Exercise: In the copy, include no pictures, but reproduce every record exactly.

Supplied material:

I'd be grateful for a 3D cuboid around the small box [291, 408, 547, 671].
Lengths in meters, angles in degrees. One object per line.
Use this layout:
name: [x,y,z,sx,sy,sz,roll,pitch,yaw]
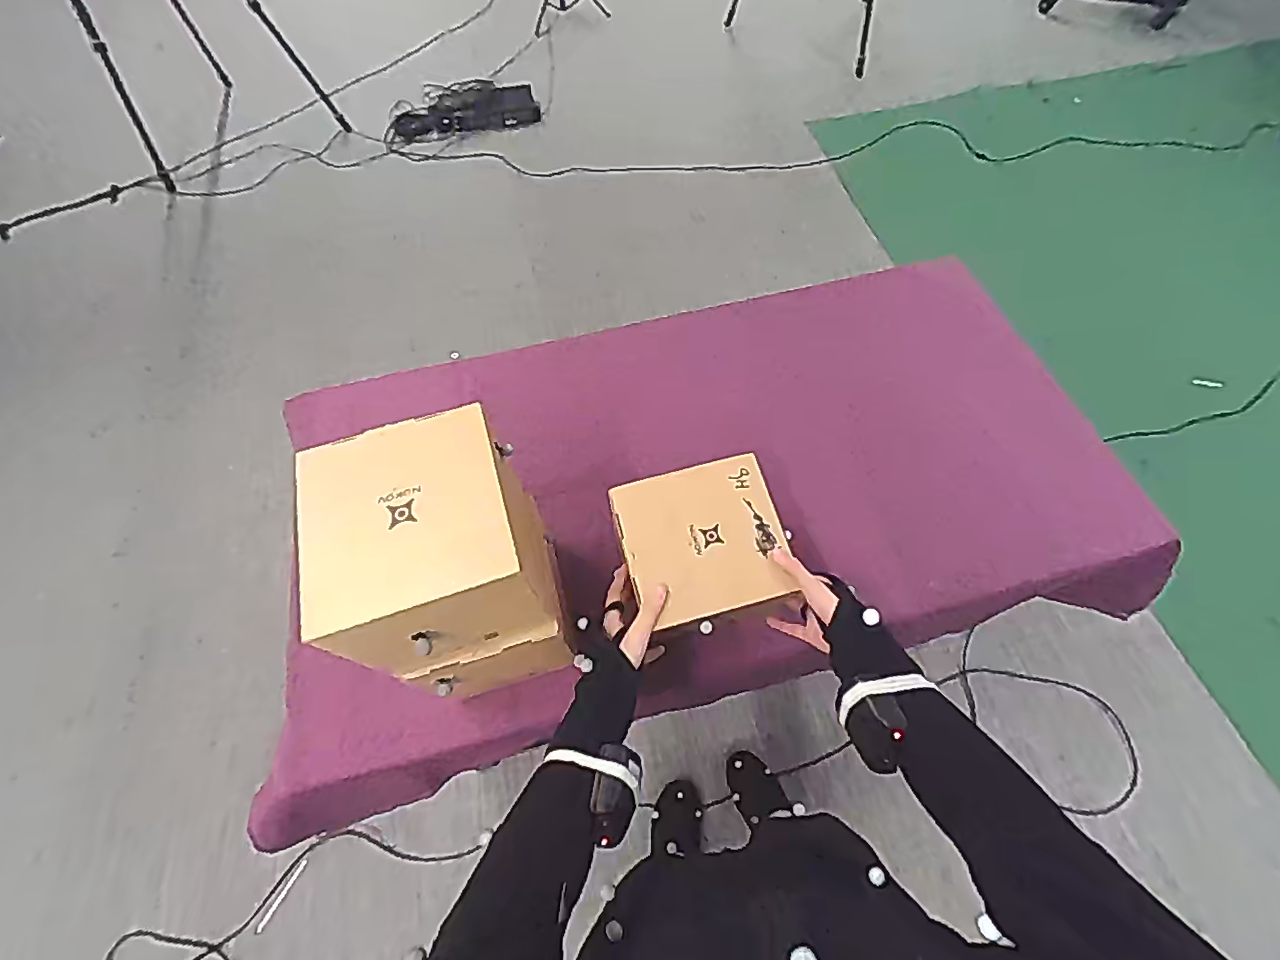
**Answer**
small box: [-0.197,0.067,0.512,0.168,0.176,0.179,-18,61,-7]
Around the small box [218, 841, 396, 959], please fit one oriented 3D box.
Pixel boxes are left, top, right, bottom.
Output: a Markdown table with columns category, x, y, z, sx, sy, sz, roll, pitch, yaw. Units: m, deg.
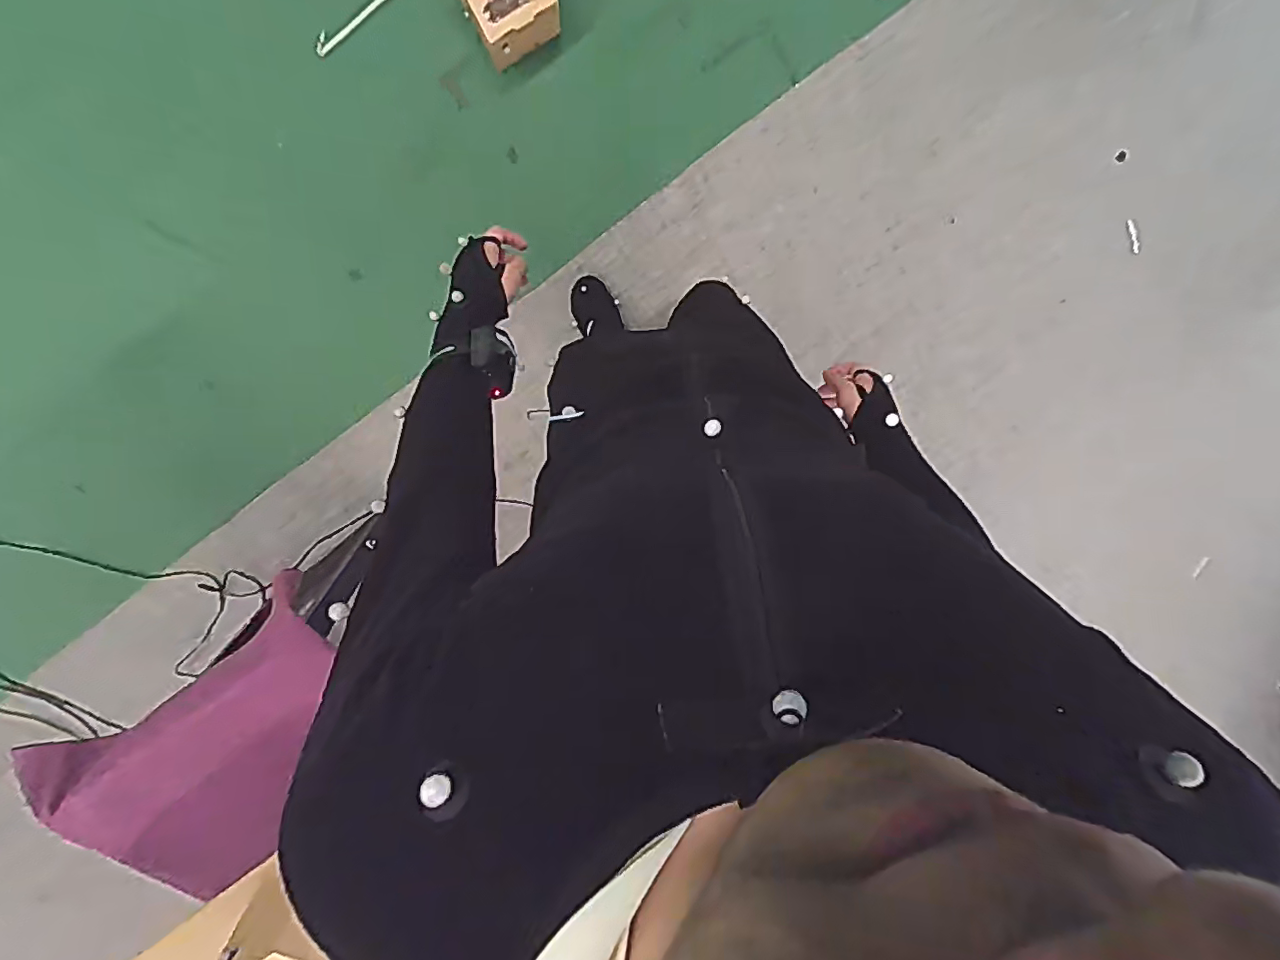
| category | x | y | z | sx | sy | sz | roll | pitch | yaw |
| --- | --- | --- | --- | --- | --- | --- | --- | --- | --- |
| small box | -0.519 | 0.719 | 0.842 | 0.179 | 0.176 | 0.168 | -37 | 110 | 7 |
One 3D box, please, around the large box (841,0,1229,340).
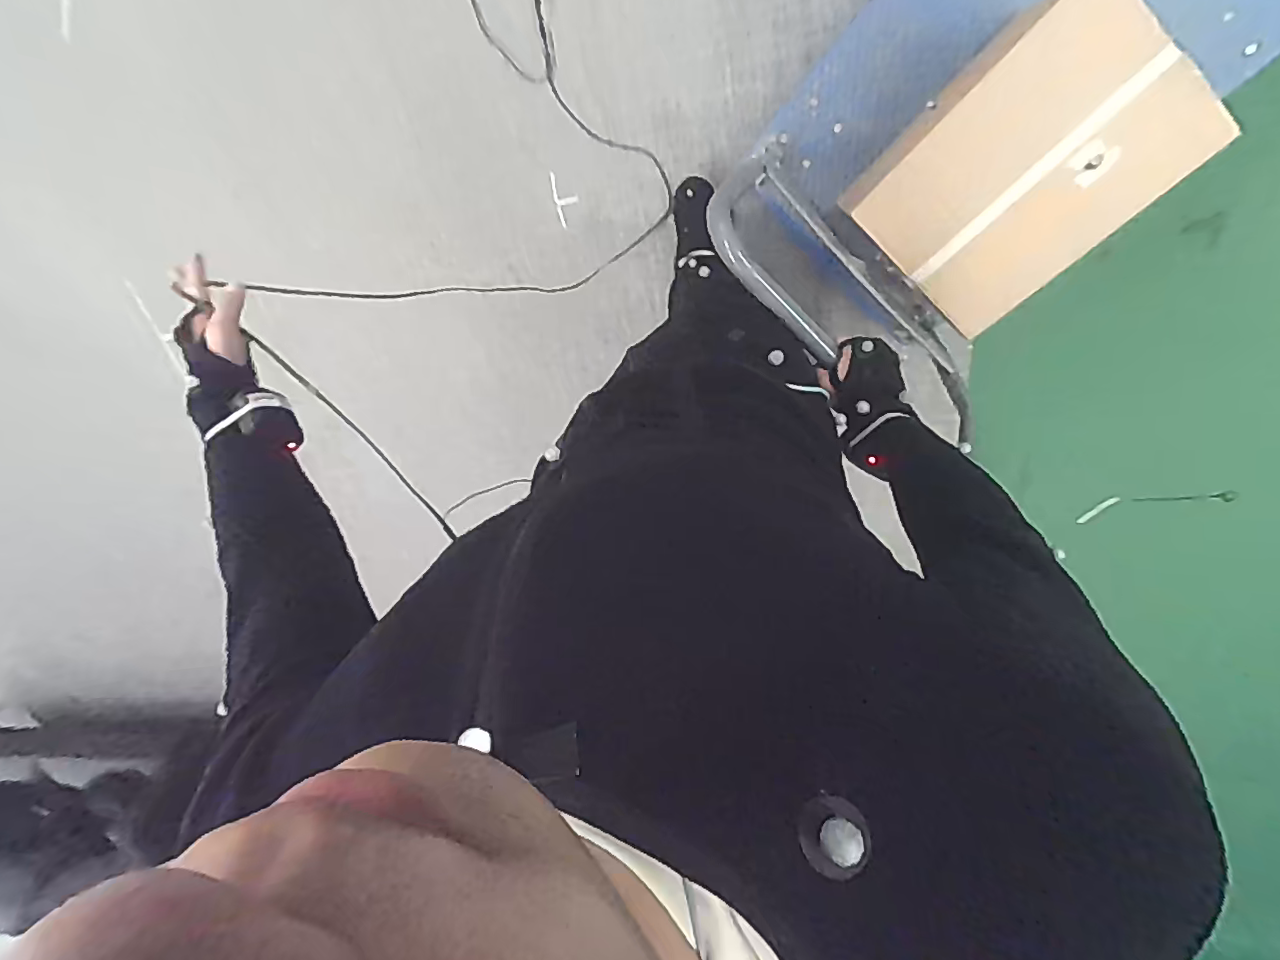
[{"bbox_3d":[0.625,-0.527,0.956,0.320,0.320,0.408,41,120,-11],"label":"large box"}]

Written response:
I'd be grateful for a 3D cuboid around the small box [291, 408, 547, 671].
Lengths in meters, angles in degrees. One object per line.
Use this layout:
name: [x,y,z,sx,sy,sz,roll,pitch,yaw]
**Answer**
small box: [-0.197,0.067,0.512,0.168,0.176,0.179,-18,61,-7]
Around the small box [218, 841, 396, 959], please fit one oriented 3D box.
Pixel boxes are left, top, right, bottom.
Output: a Markdown table with columns category, x, y, z, sx, sy, sz, roll, pitch, yaw. Units: m, deg.
| category | x | y | z | sx | sy | sz | roll | pitch | yaw |
| --- | --- | --- | --- | --- | --- | --- | --- | --- | --- |
| small box | -0.519 | 0.719 | 0.842 | 0.179 | 0.176 | 0.168 | -37 | 110 | 7 |
One 3D box, please, around the large box (841,0,1229,340).
[{"bbox_3d":[0.625,-0.527,0.956,0.320,0.320,0.408,41,120,-11],"label":"large box"}]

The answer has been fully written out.